# How shall I put it?



## mirind4

Dag!

In English sometimes there are situations when I can not express myself, or I can not remember a word, and I usually say the following phrase:
"...(mhh), how shall I put it...". I usually use this instead of "how to say". Therefore I would like to know how to say " How shall I put it" in dutch. Is there any phrase in dutch which is similar to this?

Bij voorbaat dank!
mirind4


----------



## Peterdg

A couple of possibilities would be: "Hoe zal ik het zeggen?" or "Wat zal ik zeggen?".


----------



## mirind4

thank you very much!


----------



## bibibiben

If you can't readily remember a word, you can also throw in "hoe heet het":

We maakten een rondreis door Denemarken, Noorwegen, Zweden en, hoe heet het, Finland.


----------



## mirind4

Thank for the addition!


----------



## Timidinho

Or, "hoe kan ik dit (het beste) zeggen"
"hoe zeg ik dit"

"hoe zeg je dat ook alweer"
"hoe heet dat ook alweer"
"hoe noem je dat ook alweer"


----------



## YellowOnline

Slightly off-topic: "how shall I put it" in English is something I wouldn't use when not being able to remember a word. Usually that's used when you have to carefully weight your words to express your opinion. Compare:

 Could you fetch me the, _how shall I put it_, thing to put water in? [a bucket]
 Your wife is, _how shall I put it_, not really slim. [fat]

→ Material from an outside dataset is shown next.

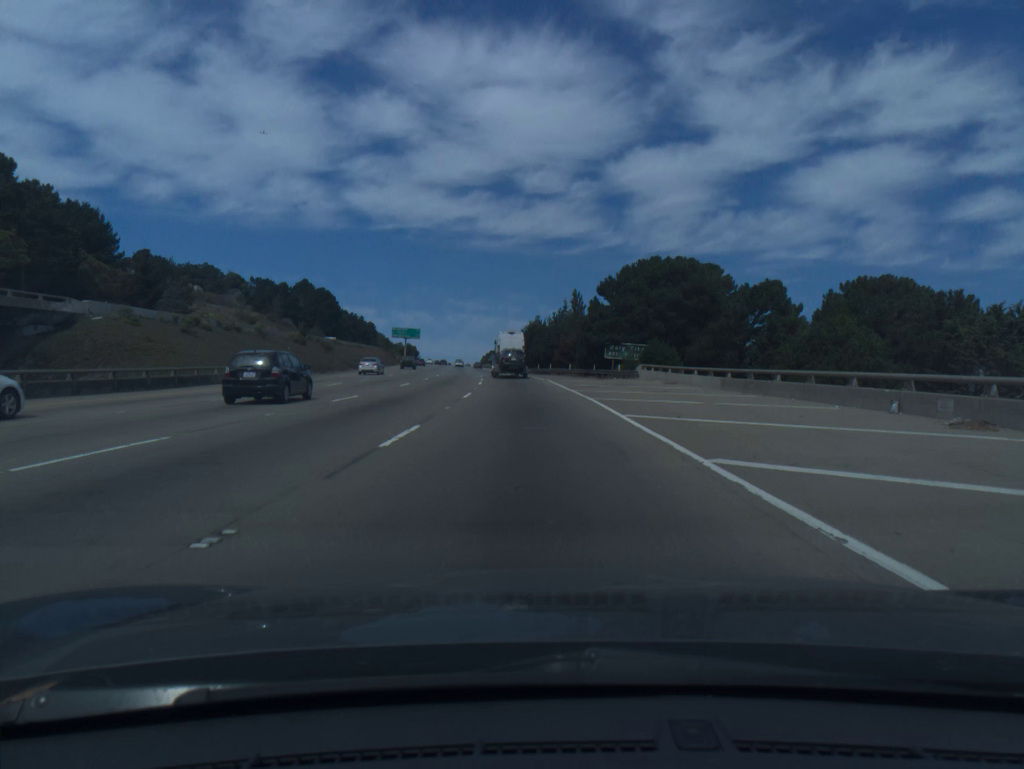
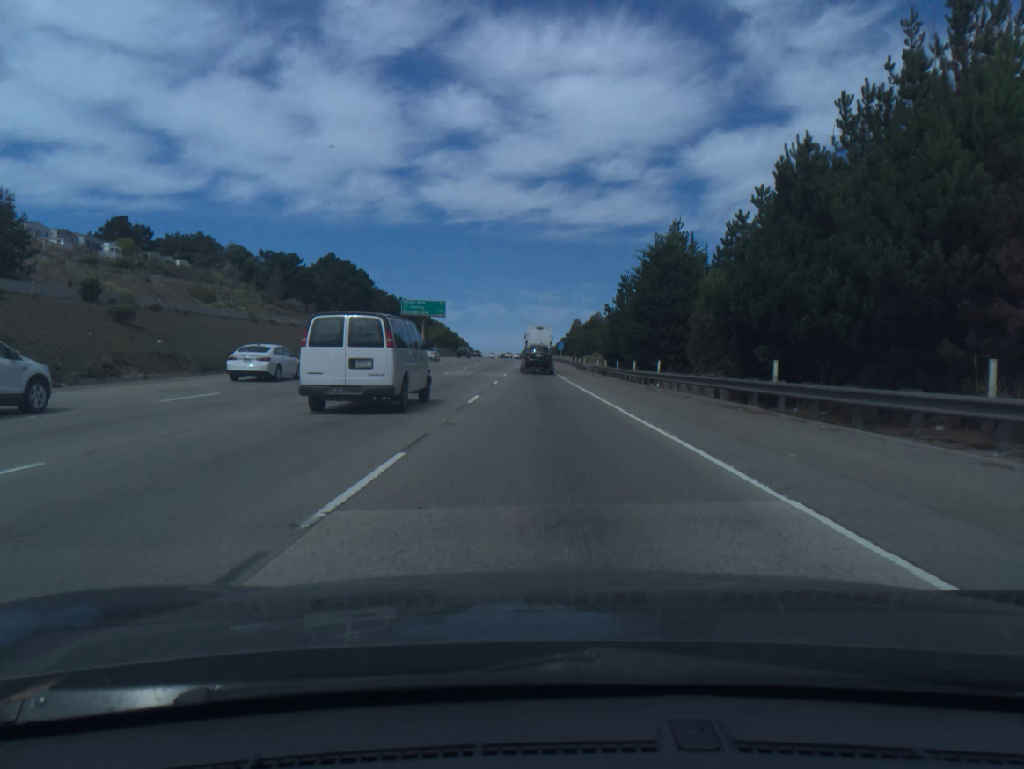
(-3.4, +73.1) m; -5°
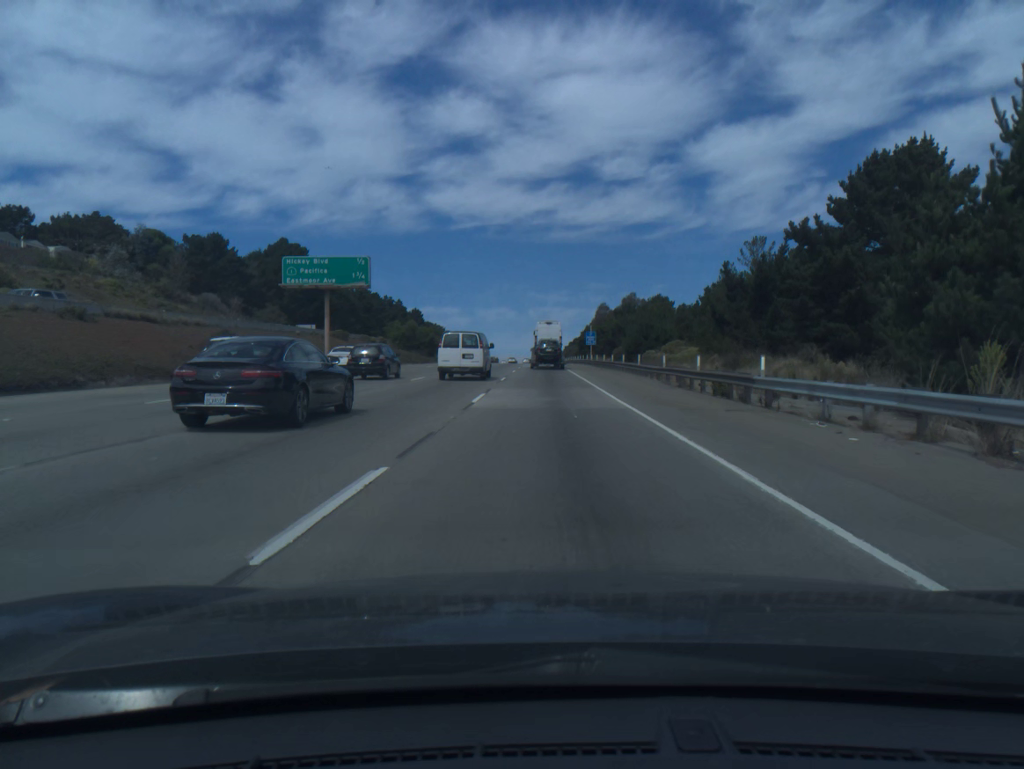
(-0.7, +59.3) m; -1°
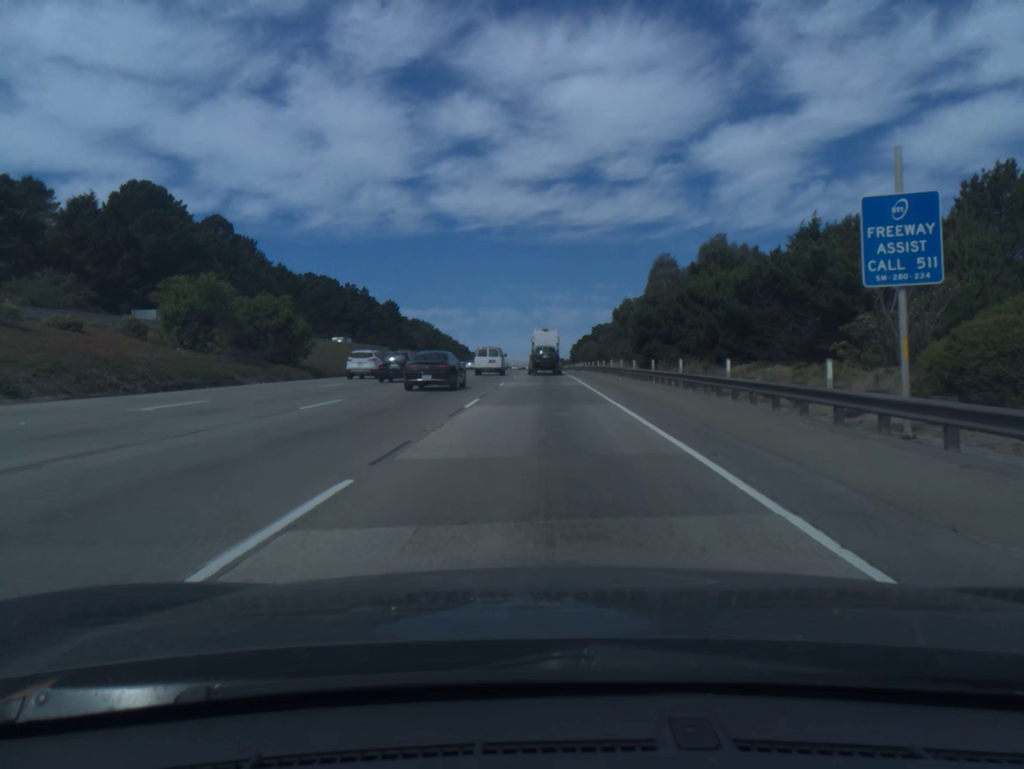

You should double-check with a native speaker though.


----------



## mirind4

@YellowOnline

You are absolutely right, I misunderstood this phrase, I asked a native speaker friend of mine. In my situations only used the following:
"How do I say", "How do you say" or a fancy way: "How does one say?" Despite my misunderstanding, the answers of you all is good for the situation where I wanted to use.

Thanks for everyone!


----------